UPDATE: I'm thinking about the option of porting Openpose (uses Caffe as ML framework) to TensorFlow. 更新：我正在考虑将Openpose（使用Caffe作为ML框架）移植到TensorFlow的选项。 TensorFlow supports both Android & iOS TensorFlow支持Android和iOS

2 个解决方案

You might be interested in looking at the techniques used by Krafka et al. 您可能有兴趣研究Krafka等人使用的技术。 for their Eye Tracking for Everyone project in which they compress a larger network for estimating gaze coordinates into a smaller network which can run on a smartphone. 他们的眼动追踪适用于所有人的项目，他们压缩一个更大的网络，用于估计凝视坐标到可以在智能手机上运行的较小网络。 This is using a concept developed by Geoff Hinton which he called Dark Knowledge . 这是使用Geoff Hinton开发的一个概念，他称之为Dark Knowledge 。 Gaze detection is a special case of pose estimation, so in principle it would seem like these techniques would be helpful. 注视检测是姿势估计的一个特例，因此原则上看起来这些技术会有所帮助。 However, I do not know whether they will be sufficiently effective for your purposes (I think that largely depends on your accuracy constraints). 但是，我不知道它们是否足以达到您的目的（我认为这在很大程度上取决于您的准确性限制）。

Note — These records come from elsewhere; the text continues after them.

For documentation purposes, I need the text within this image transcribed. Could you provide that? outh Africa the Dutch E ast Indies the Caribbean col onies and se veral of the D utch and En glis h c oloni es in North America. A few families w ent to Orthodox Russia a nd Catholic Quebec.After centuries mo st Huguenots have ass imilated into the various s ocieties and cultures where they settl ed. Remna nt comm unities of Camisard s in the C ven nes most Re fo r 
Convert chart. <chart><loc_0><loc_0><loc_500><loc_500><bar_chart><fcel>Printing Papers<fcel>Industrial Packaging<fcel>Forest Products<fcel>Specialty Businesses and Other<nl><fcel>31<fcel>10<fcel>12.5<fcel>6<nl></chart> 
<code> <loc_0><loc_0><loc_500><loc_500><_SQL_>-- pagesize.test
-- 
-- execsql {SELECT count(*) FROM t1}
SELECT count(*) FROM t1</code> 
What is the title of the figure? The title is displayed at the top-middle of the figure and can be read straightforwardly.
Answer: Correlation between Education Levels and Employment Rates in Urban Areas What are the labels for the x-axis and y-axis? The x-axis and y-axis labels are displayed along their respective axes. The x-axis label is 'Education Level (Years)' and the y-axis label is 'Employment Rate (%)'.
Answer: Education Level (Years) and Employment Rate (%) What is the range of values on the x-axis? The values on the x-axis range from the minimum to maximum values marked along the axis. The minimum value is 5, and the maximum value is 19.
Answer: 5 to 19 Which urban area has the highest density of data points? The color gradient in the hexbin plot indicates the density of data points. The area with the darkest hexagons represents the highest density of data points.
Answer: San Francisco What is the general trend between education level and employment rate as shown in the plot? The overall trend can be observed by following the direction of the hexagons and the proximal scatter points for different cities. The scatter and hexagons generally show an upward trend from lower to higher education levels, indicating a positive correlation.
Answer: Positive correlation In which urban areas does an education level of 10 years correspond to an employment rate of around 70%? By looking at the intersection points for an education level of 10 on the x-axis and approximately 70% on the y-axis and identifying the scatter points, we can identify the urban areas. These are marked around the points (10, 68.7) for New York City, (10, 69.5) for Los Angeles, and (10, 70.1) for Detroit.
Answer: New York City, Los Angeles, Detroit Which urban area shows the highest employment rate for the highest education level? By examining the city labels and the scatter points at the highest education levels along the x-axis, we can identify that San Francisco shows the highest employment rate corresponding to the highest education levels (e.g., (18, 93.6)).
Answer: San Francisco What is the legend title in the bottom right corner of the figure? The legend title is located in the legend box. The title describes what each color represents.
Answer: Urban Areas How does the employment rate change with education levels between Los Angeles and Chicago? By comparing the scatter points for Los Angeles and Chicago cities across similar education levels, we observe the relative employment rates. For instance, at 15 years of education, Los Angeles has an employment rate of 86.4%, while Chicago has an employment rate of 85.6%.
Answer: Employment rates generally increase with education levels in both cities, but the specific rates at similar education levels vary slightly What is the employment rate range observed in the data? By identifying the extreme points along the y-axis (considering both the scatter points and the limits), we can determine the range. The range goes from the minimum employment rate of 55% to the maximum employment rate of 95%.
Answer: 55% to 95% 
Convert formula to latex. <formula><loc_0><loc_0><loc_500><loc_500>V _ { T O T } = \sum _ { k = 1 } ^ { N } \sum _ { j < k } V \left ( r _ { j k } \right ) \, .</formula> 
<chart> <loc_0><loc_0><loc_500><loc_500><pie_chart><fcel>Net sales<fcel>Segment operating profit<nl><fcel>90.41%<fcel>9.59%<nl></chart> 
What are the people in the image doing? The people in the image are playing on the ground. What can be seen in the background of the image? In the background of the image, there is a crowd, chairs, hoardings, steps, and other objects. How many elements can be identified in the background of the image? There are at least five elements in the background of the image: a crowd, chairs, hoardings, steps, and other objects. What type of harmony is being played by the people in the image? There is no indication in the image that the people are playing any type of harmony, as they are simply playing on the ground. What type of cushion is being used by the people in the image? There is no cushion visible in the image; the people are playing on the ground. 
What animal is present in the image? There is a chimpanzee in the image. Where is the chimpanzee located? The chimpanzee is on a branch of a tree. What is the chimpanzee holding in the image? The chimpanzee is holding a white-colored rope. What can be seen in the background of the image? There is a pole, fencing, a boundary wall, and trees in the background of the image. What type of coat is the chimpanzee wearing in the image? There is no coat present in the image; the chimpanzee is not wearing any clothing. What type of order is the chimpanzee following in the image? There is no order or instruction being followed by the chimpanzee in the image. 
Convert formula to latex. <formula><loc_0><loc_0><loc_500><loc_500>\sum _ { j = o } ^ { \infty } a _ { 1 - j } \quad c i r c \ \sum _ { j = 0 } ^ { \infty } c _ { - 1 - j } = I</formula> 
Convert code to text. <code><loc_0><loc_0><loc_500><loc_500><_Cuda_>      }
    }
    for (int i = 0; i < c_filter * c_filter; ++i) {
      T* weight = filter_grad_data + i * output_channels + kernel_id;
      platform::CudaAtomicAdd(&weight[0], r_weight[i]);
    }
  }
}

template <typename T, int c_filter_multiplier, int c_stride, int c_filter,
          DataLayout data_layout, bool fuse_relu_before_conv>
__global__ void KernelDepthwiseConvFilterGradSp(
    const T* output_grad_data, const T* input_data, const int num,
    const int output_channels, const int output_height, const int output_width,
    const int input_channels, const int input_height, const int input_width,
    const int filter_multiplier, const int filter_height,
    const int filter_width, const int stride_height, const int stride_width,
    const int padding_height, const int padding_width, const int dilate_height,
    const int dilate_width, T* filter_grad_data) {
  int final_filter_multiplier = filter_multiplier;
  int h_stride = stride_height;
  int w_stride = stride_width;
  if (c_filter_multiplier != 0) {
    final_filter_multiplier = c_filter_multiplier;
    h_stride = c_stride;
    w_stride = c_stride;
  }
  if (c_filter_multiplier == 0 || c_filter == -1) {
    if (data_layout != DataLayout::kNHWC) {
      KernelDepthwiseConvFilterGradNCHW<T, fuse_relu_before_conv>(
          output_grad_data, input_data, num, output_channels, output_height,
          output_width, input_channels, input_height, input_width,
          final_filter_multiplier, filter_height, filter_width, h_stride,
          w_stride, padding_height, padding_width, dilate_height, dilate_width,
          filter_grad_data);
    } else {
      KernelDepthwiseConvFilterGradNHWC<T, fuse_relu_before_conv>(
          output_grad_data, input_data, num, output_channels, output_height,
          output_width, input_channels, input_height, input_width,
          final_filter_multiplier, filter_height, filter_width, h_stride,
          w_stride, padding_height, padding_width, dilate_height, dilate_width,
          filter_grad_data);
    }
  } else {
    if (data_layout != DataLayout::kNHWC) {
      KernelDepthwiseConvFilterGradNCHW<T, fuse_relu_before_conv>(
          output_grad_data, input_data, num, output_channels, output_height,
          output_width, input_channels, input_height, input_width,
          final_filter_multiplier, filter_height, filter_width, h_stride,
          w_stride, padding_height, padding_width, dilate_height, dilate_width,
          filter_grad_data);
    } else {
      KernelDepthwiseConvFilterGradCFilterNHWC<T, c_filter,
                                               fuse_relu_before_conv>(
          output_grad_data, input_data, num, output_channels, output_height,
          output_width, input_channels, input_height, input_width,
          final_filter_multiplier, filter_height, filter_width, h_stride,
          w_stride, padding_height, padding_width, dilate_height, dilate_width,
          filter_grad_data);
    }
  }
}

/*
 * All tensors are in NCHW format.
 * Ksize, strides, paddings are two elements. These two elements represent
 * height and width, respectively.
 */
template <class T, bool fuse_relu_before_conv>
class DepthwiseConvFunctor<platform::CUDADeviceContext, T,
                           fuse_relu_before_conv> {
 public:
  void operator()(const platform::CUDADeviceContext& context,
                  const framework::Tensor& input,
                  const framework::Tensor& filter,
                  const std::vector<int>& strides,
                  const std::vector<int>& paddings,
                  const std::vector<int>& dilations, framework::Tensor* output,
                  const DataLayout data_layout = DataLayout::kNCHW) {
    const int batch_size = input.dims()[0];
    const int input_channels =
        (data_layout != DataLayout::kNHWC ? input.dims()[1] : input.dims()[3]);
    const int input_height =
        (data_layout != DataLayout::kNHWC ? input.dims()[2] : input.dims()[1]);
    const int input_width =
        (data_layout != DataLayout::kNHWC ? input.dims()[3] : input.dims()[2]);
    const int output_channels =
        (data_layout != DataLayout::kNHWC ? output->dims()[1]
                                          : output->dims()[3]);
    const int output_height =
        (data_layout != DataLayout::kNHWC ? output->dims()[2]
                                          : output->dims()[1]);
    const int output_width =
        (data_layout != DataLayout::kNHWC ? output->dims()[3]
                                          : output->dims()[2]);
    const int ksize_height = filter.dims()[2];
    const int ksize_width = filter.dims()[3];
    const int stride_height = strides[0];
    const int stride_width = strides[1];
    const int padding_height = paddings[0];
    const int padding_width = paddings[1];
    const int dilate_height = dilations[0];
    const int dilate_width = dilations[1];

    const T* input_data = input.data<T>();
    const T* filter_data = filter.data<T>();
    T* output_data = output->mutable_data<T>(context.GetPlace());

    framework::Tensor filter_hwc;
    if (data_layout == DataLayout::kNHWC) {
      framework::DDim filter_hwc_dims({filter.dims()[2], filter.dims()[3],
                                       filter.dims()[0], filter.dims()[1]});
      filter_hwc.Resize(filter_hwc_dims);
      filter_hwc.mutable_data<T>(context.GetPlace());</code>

Openpose is too heavy for a smartphone application. 对于智能手机应用程序，Openpose太重了。 You need to redesign the software architecture to fit into a phone system. 您需要重新设计软件架构以适应电话系统。 Regarding to the cnn which is the bottleneck of the performance, using mobilenet like structure and Dark Knowledge (as Mozglubov mentioned) to teach a thinner network are two promising approaches. 关于作为性能瓶颈的cnn，使用类似移动网络的结构和Dark Knowledge（如Mozglubov所提到的）教授更薄的网络是两种有前途的方法。 Anywhere, there are lots of engineer work ahead. 在任何地方，都有很多工程师在工作。 Good luck! 祝好运！